8. The method according to claim 7, in, Regions located outside at least one segmentation mask (10) are clustered together into at least one cluster region, wherein pixels or voxels within the same cluster region are assigned a constant pixel value or voxel value, the constant pixel value or voxel value optionally being the average value of the original pixels or voxels within the cluster region.

9. The method according to any one of claims 7 to 8, in, The dynamic range of at least one image portion (4) of the at least one natural image (3) is adjusted based on the dynamic range of the medical image data within the segmentation mask (10).

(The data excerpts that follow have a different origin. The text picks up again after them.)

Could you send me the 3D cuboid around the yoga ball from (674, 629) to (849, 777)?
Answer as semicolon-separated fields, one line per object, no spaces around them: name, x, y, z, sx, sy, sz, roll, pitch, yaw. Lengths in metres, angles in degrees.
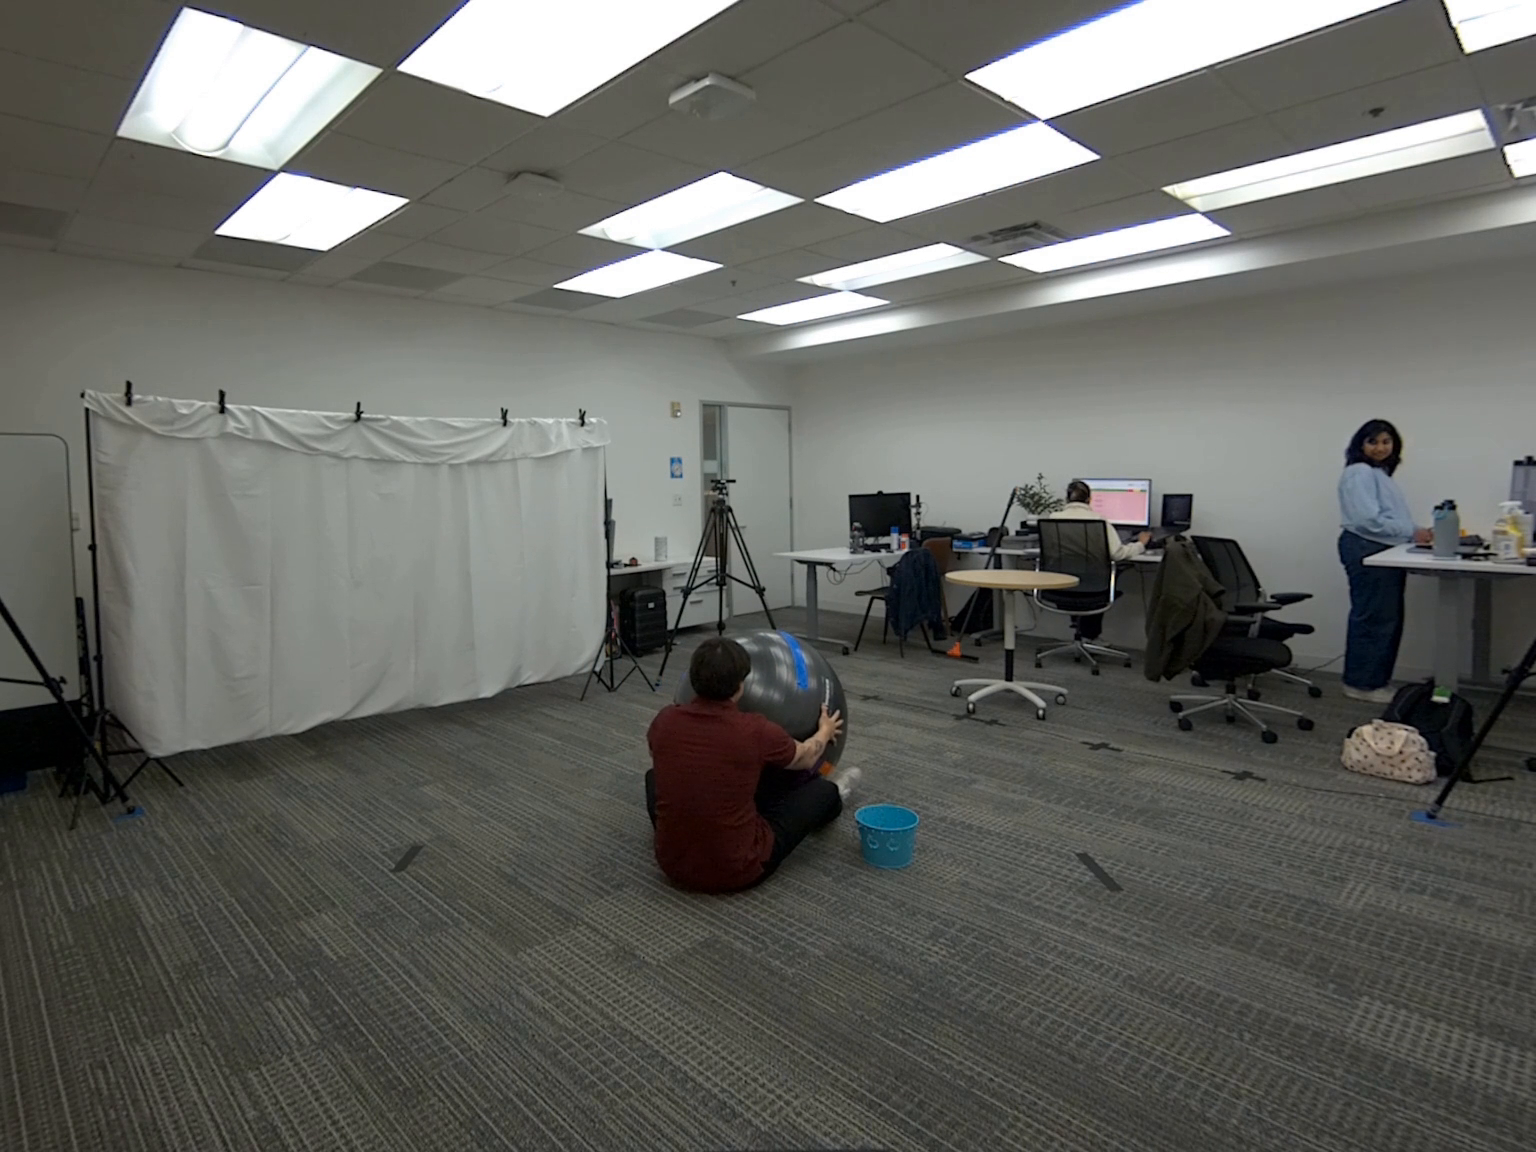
yoga ball;-0.034;0.610;3.684;0.757;0.755;0.762;-1;5;-2
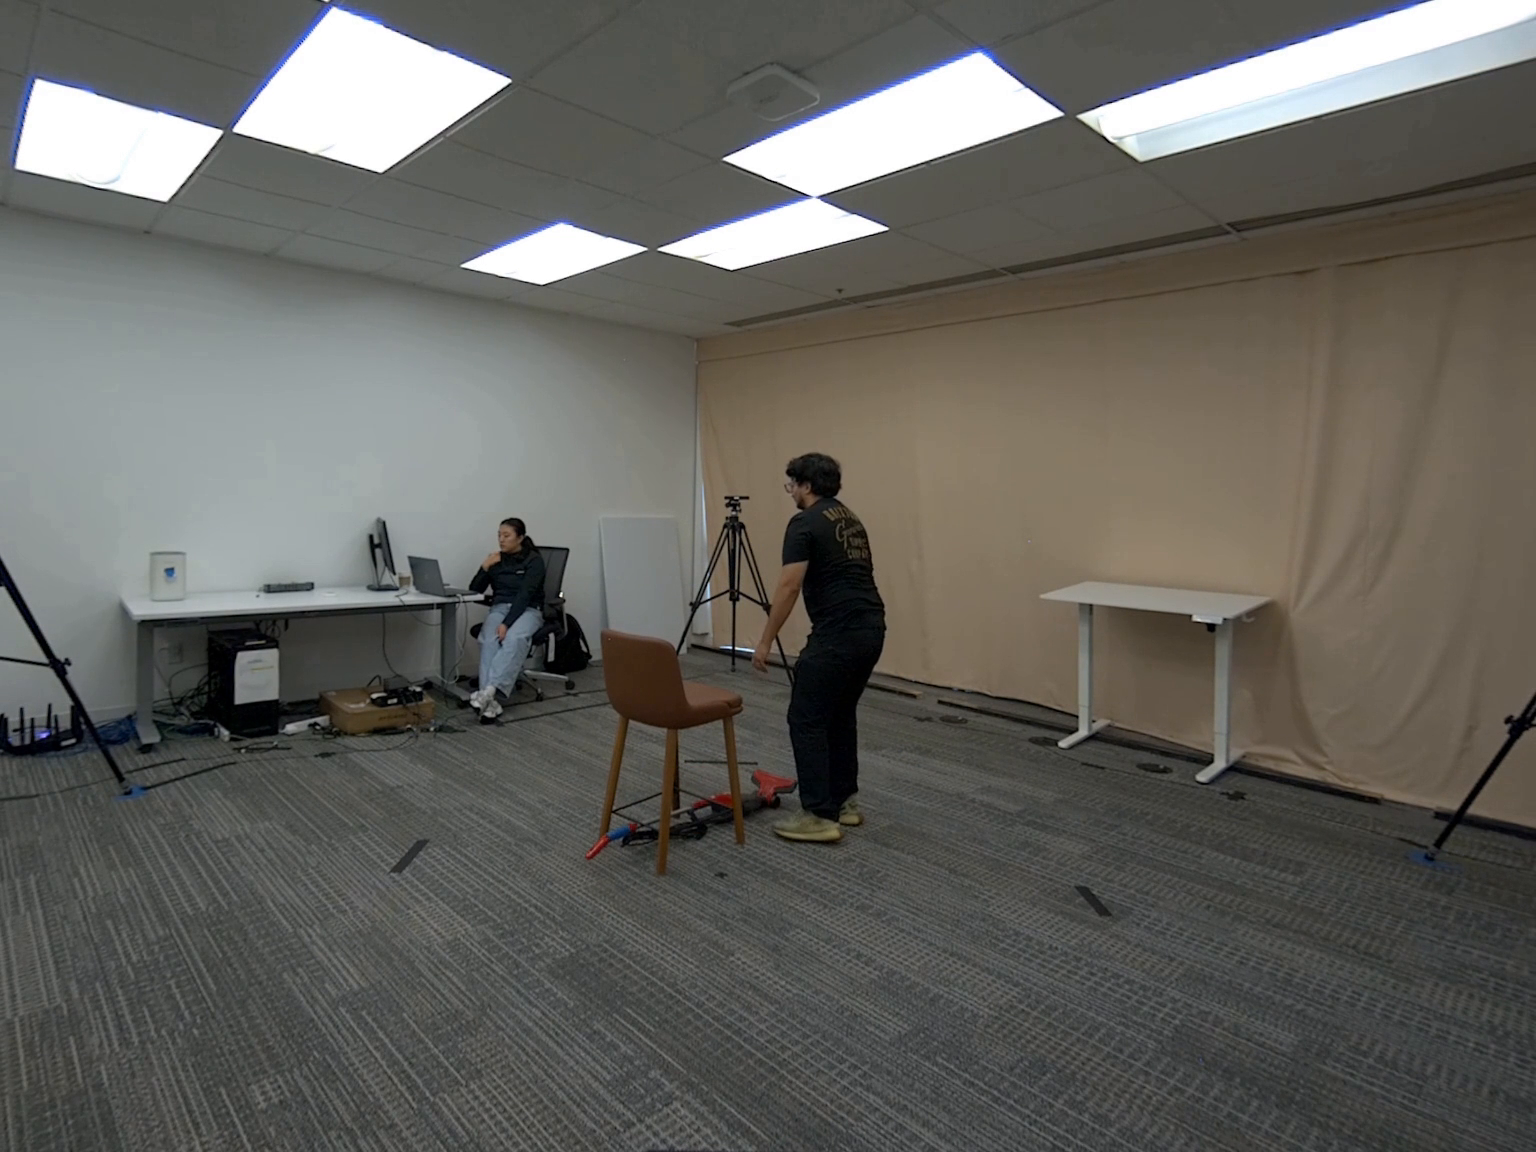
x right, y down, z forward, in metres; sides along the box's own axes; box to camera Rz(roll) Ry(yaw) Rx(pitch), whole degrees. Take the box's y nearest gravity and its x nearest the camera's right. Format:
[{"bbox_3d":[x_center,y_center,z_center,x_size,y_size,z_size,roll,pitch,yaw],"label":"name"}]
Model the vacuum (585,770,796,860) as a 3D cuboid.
[{"bbox_3d":[-0.337,1.013,3.479,0.259,0.143,1.026,6,7,41],"label":"vacuum"}]
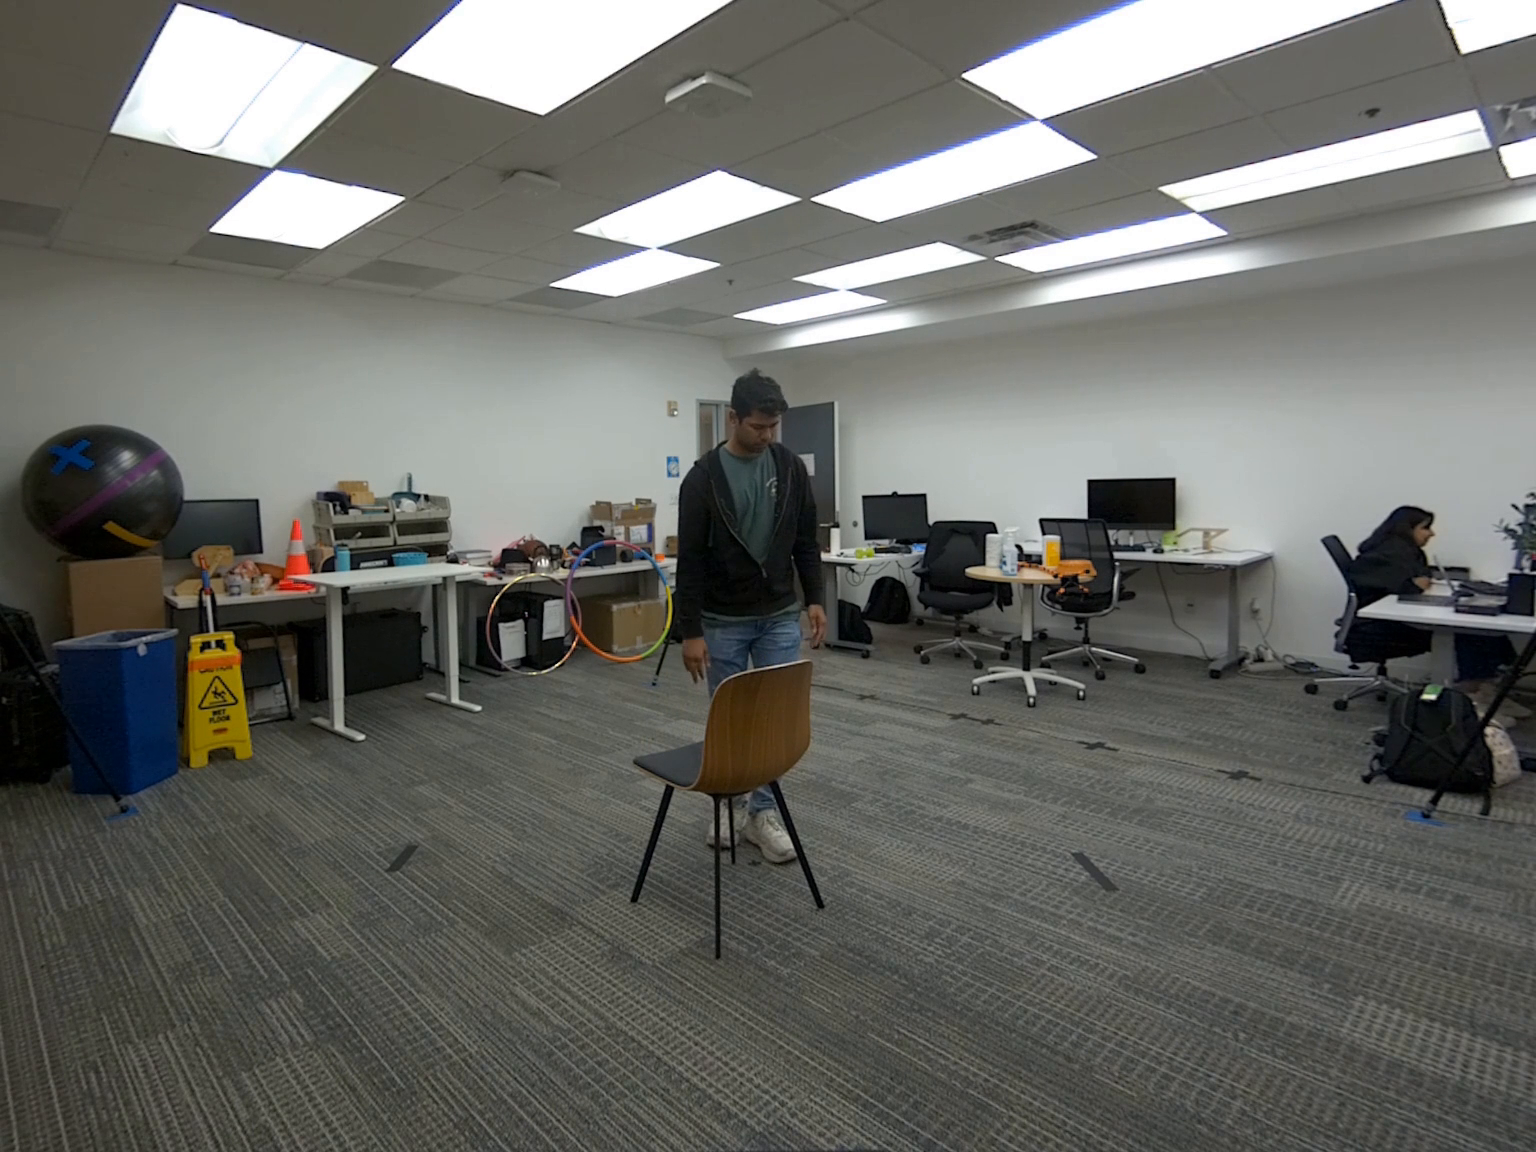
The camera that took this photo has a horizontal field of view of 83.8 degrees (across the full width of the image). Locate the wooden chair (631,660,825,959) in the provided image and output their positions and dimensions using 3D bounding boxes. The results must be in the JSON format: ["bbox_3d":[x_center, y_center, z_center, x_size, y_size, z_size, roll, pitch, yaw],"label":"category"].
[{"bbox_3d":[-0.144,0.660,2.776,0.466,0.871,0.540,-5,10,-41],"label":"wooden chair"}]

10. The method according to any one of claims 7 to 9, in, Before replacing the image data with the image portion, at least one property of the segmentation mask (10) is changed within a predefined boundary, wherein, in particular, the shape, position, orientation and / or size of the at least one segmentation mask (10) is changed.

11. A method for generating training weights to be used in a software module including a machine learning algorithm (1), in, The training weights are generated by training the machine learning algorithm (1) using synthetic training data obtained according to any of the preceding claims.

12. The training weights generated by the method according to claim 11.

13. A software module having a machine learning algorithm (1), the machine learning algorithm comprising the training weights according to claim 12.

14. An application of the software module according to claim 13 and / or the training weights according to claim 12, the application being to perform image processing on medical image data obtained through a medical imaging modality.

15. An image processing apparatus comprising the software module according to claim 13.